Let $\xi, \xi'$ the respective generic points of de $X, Y$. Let $n := \operatorname{trdeg}_{K(Y)}K(X)$. We can suppose $X = Spec(A)$ and $Y = Spec(B)$. Being generically separable (respectively generically étale) is equivalent to $\dim_{K(X)}\Omega^{1}_{K(X)/K(Y)} = n$ (respectively $\dim_{K(X)}\Omega^{1}_{K(X)/K(Y)} = 0$ ). If I show $f$ is smooth at $\xi$ (respectively étale at $\xi$) it would be ok since the set of points where $f$ is smooth (respectively étale) is open. But we have, $\Omega^{1}_{K(X)/K(Y)} = \Omega^{1}_{\mathcal{O}_{X, \xi}/\mathcal{O}_{Y, \xi'}}$. So,being generically separable (respectively generically étale) implies $\Omega^{1}_{X/Y}$ is a locally free in a neighborhood of $\xi$ of rank $n$ (respectively is a locally zero in a neighborhood $\xi$). This comes from exercise $1.12.$ $(a)$ page $173$ of the book and from the coherence of $\Omega_{X/Y}^{1}$ (since $f$ is of finite type).
Hence for all $x \in X_{\xi'}$, $\Omega^{1}_{\mathcal{O}_{X, x}/\mathcal{O}_{Y, \xi'}} \simeq \Omega^{1}_{X_{\xi'}/k(\xi'), x} \otimes k(x)$ by the exercice $2.5.$ $(b)$ page $226$. Now I don't know what to do?
Best Answer
Both statements follow from standard openness properties and an alternate characterization of smoothness in terms of the rank of $\Omega_{X/Y}$.
Theorem. (Openness of the flat locus, Stacks 0938). Suppose $f:X\to S$ is a morphism of schemes which is locally of finite presentation. Let $\mathcal{F}$ be a quasi-coherent $\mathcal{O}_X$-module which is locally of finite presentation. Then the set $$U=\{x\in X \mid \mathcal{F} \text{ is flat over } S \text{ at } x\}$$ is open in $X$.
This theorem is a bit of a bear to prove yourself; hopefully Liu has spent some time on this breaking it up or proving it himself.
Lemma. The rank of a coherent sheaf on a noetherian scheme is upper semi-continuous, and if such a sheaf has a free stalk at a point, it is locally free in a neighborhood. (Refer to here on MSE and here on MSE for instance.)
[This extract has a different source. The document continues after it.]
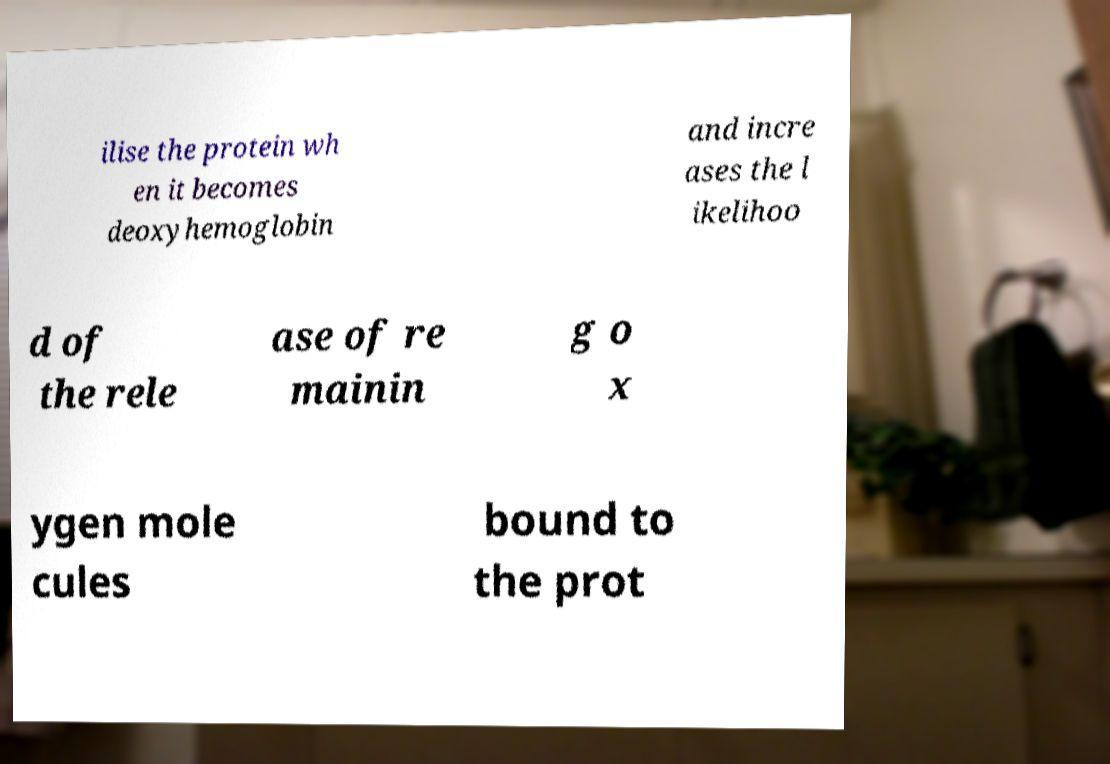Please read and relay the text visible in this image. What does it say? ilise the protein wh en it becomes deoxyhemoglobin and incre ases the l ikelihoo d of the rele ase of re mainin g o x ygen mole cules bound to the prot

Lemma. (Stacks 01V9) A map of schemes $f:X\to S$ is smooth at $x\in X$ iff the map $\mathcal{O}_{S,f(x)}\to\mathcal{O}_{X,x}$ is flat and $\Omega_{X/S,x}$ can be generated by at most $\dim_x X_{f(x)}$ elements.
Now we can look at the situation for the maps of generic points, apply the results above, and win.
Let $\eta$ be the generic point of $X$ and $\theta$ be the generic point of $Y$. Then the map $\mathcal{O}_{Y,\theta}\to\mathcal{O}_{X,\eta}$ is just $k(Y)\to k(X)$, which is a field extension and therefore flat. The stalk of $\Omega_{X/Y}$ at $\eta$ is the module of differentials associated to the field extension $k(Y)\subset k(X)$, and so by generic separability, it is a $k(X)$-vector space of dimension $\operatorname{trdeg} k(X) -\operatorname{trdeg} k(Y)$ and hence $\Omega_{X/Y}$ is free of rank $\operatorname{trdeg} k(X) -\operatorname{trdeg} k(Y)$ near $\eta$. Now $f$ is flat in a neighborhood of $\eta$ by the theorem, $\Omega_{X/Y}$ is locally free of rank $\operatorname{trdeg} k(X) -\operatorname{trdeg} k(Y)$ in a neighborhood of $\eta$ by the first lemma, and so on the common open neighborhood $U$ of $\eta$ where both these conditions hold we may conclude that $f$ is smooth and we're done. When $k(Y)\to k(X)$ is finite, $\Omega_{X/Y}$ is zero in a neighborhood of $\eta$, and we may conclude that $f$ is in fact smooth of relative dimension zero, or etale.